Dettes de guerre (1948-1961) 
Contrainte de payer à l’URSS une lourde dette de guerre de 300 millions de dollars, la Finlande se lance dans une politique d’industrialisation. Le dernier train de marchandises vers l’URSS traverse la frontière en 1952. Liée depuis avril 1948 à l’URSS par un traité d’« assistance, d’amitié et de collaboration », elle doit, pour sauvegarder son indépendance, donner des gages de bonne volonté à Moscou. Son président de la République, qui possède des pouvoirs très étendus en politique étrangère, doit être un interlocuteur agréé par les Soviétiques, de même que tous les autres responsables politiques et syndicaux importants. A ce prix, la Finlande reste, à partir de 1948, une démocratie de type occidental.

Tournant économique (1961-1977) 
Malgré la « tutelle » soviétique, l’économie finlandaise s’oriente de plus en plus vers l’Ouest. Associée en 1961 à l’Association européenne de libre-échange (AELE), la Finlande signe en 1973 un accord de libre-échange avec la CEE (Europe des Neuf). Pour maintenir l’équilibre, elle doit conclure également un accord de coopération avec le Comecon. A mi-chemin entre les deux blocs, Helsinki est choisie comme siège de la Conférence sur la sécurité et la coopération en Europe. En juillet 1975 y est signé un traité consacrant la politique de détente. Sur le plan intérieur, les communistes participent en 1977 au gouvernement d’union. La forte poussée des conservateurs aux élections de mars 1979 n’empêche pas qu’un social-démocrate très modéré, Mauno Koïvisto, docker devenu agrégé de sociologie, prenne la tête du gouvernement.

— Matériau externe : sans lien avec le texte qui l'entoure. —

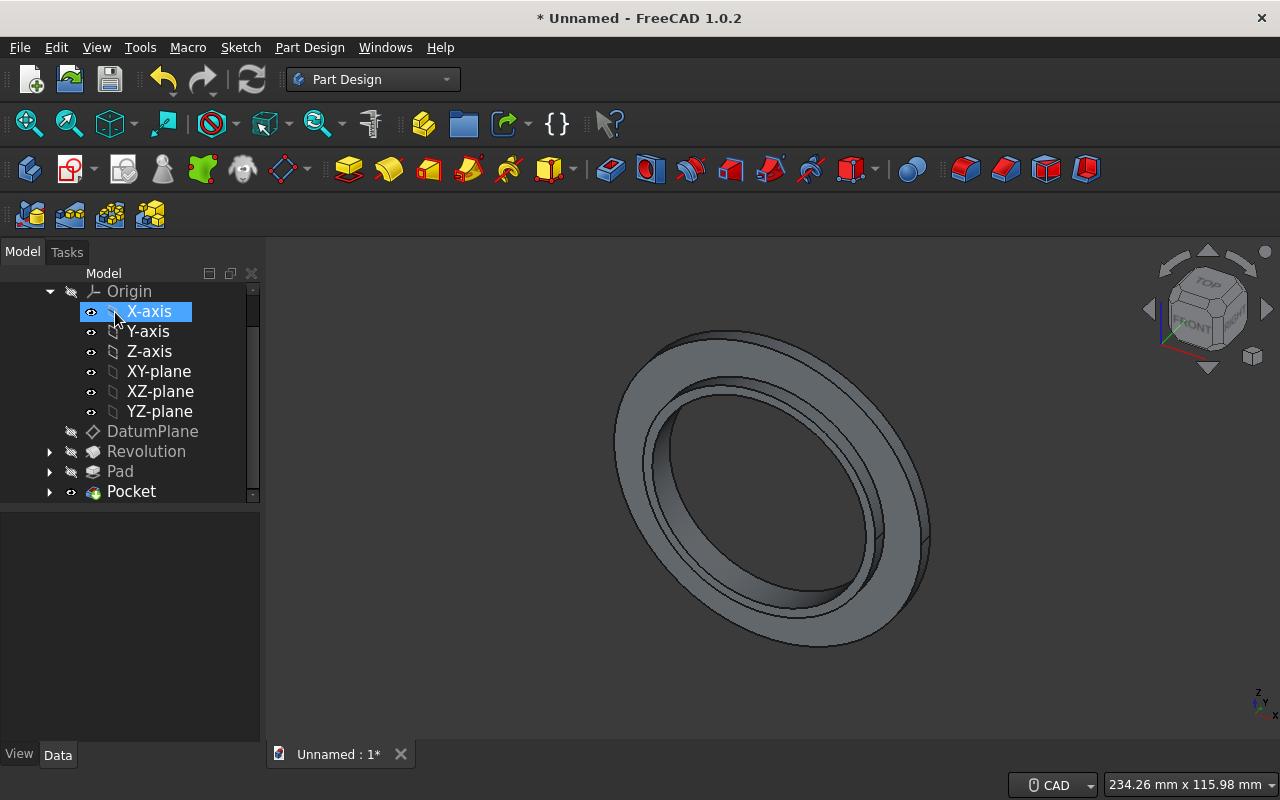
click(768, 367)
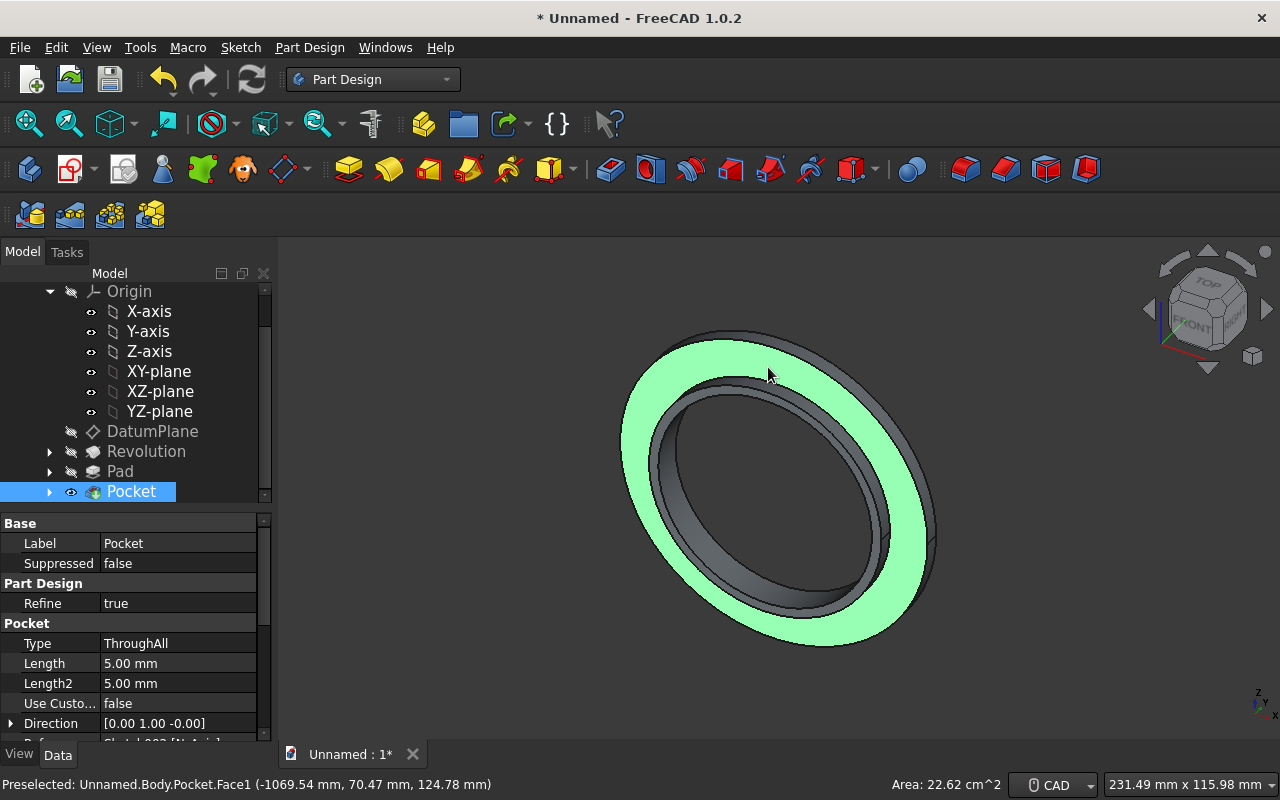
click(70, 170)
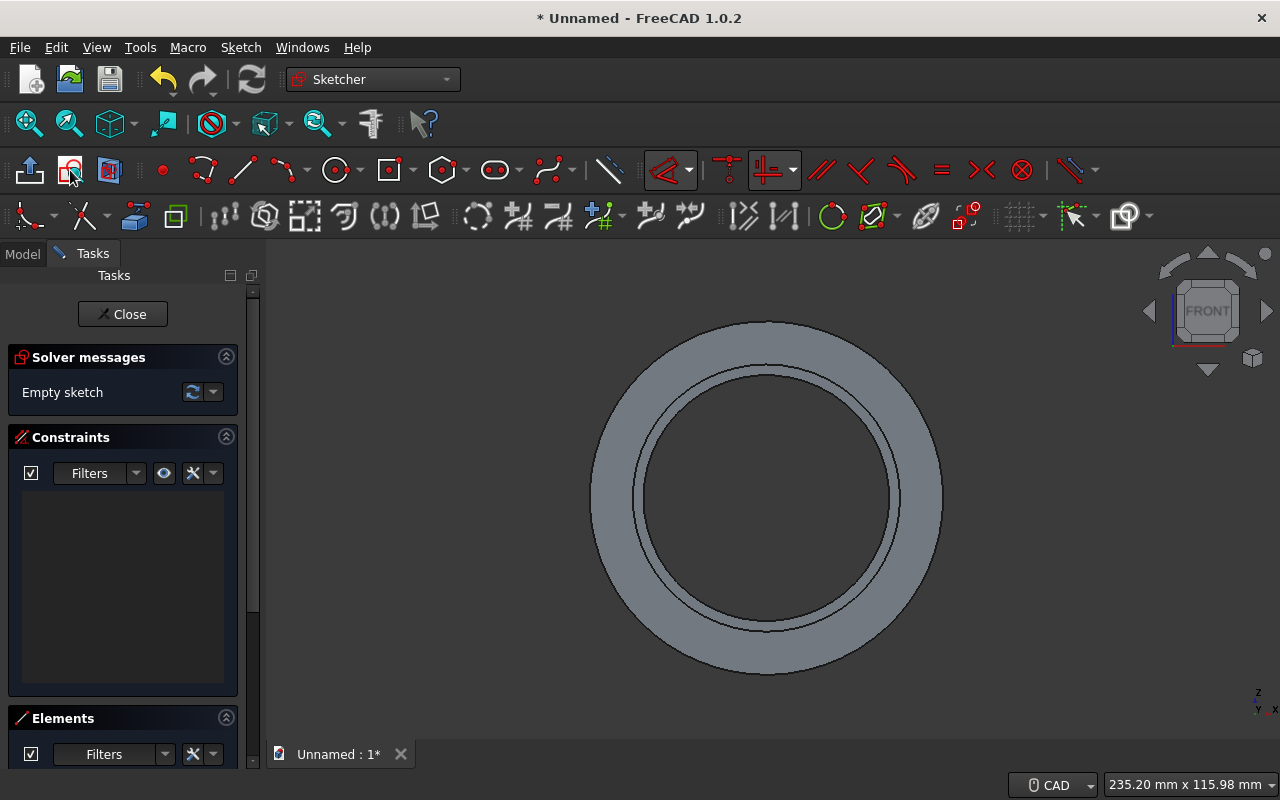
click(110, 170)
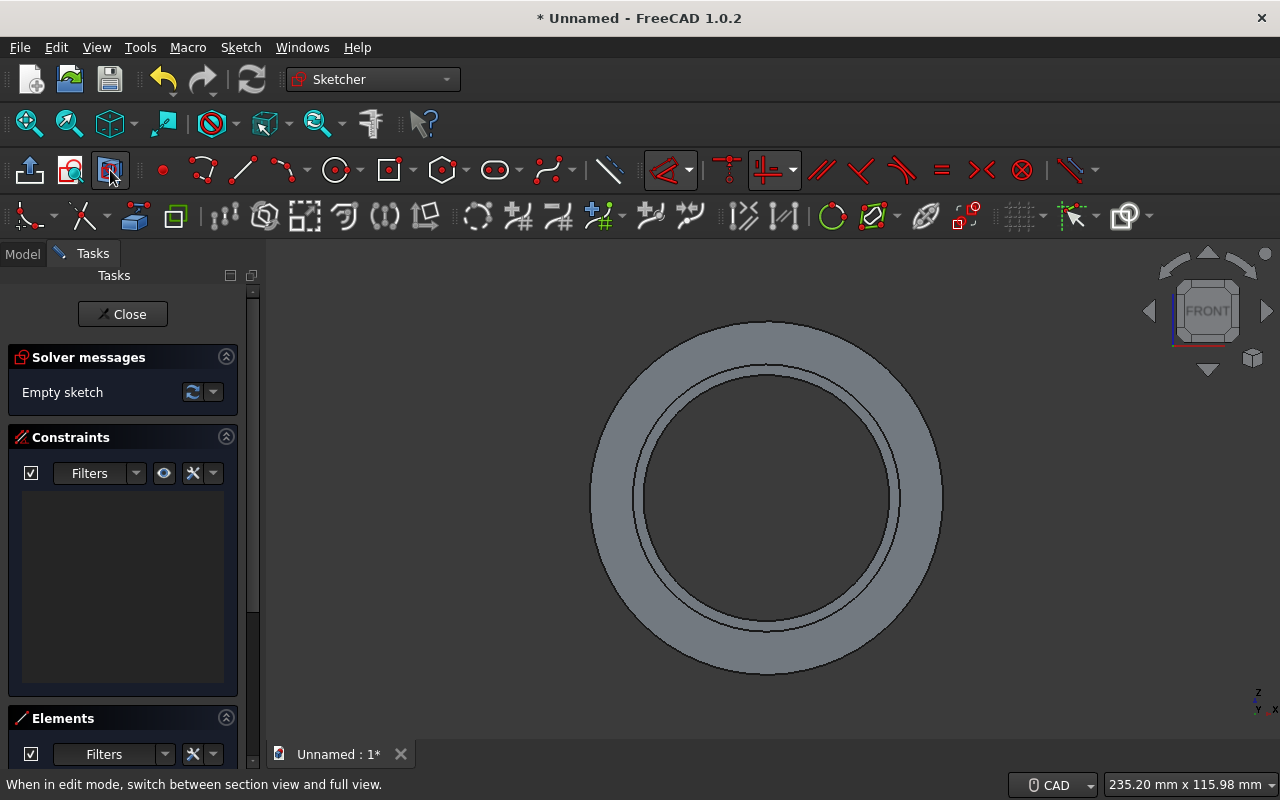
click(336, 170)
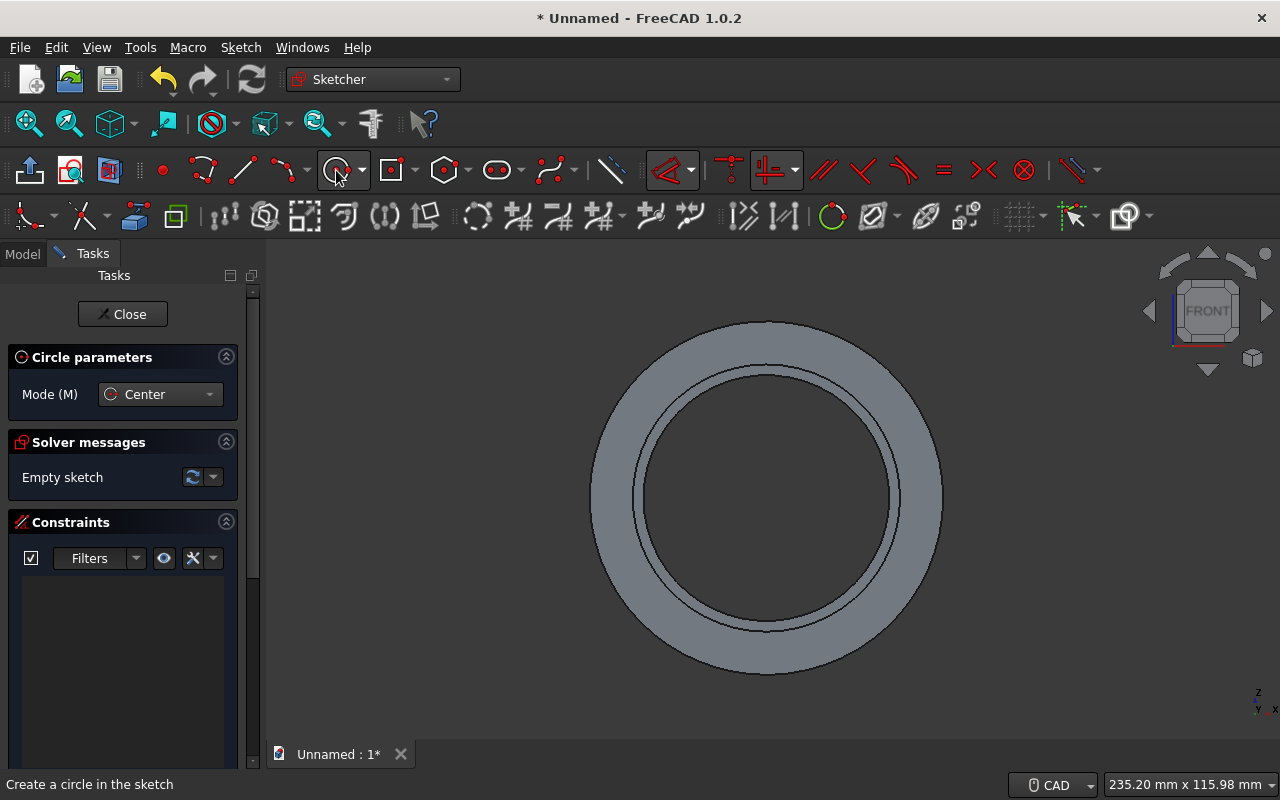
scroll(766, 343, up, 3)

Gouvernement de coalition (1982-1995) 
En 1982, Mauno Koivisto remplace Urho Kekkonen à la présidence de la République. Kalevi Sorsa devient alors Premier ministre à la tête d’un gouvernement de coalition socialedémocrate, communiste, centriste et libérale. Le parti communiste quitte le gouvernement à la fin de 1982, mais n’obtient que 14 % des suffrages aux élections de mars 1983, et les conservateurs 22 %. Kalevi Sorsa constitue une coalition de centre gauche sans les uns ni les autres.

Avenir européen 
En 1995, la Finlande entre dans l’Union européenne. Considérée comme une bonne élève, elle applique les recommandations en temps et en heure. Son entrée dans la communauté économique et monétaire renforce la stabilité de son économie et la position du pays au niveau international. En 1999, la Finlande préside l’Union européenne. En 2000, Tarja Halonen est la première femme élue présidente de la République. En 2006, cette sociale-démocrate est reconduite à la présidence jusqu’en 2012, avec 51,8 % des voix. Juriste de formation et issue d’un milieu modeste, celle qui se proclame « présidente de tous les Finlandais » est appréciée pour sa simplicité. Tarja Halonen a assuré la présidence européenne pour la Finlande durant le deuxième semestre 2006.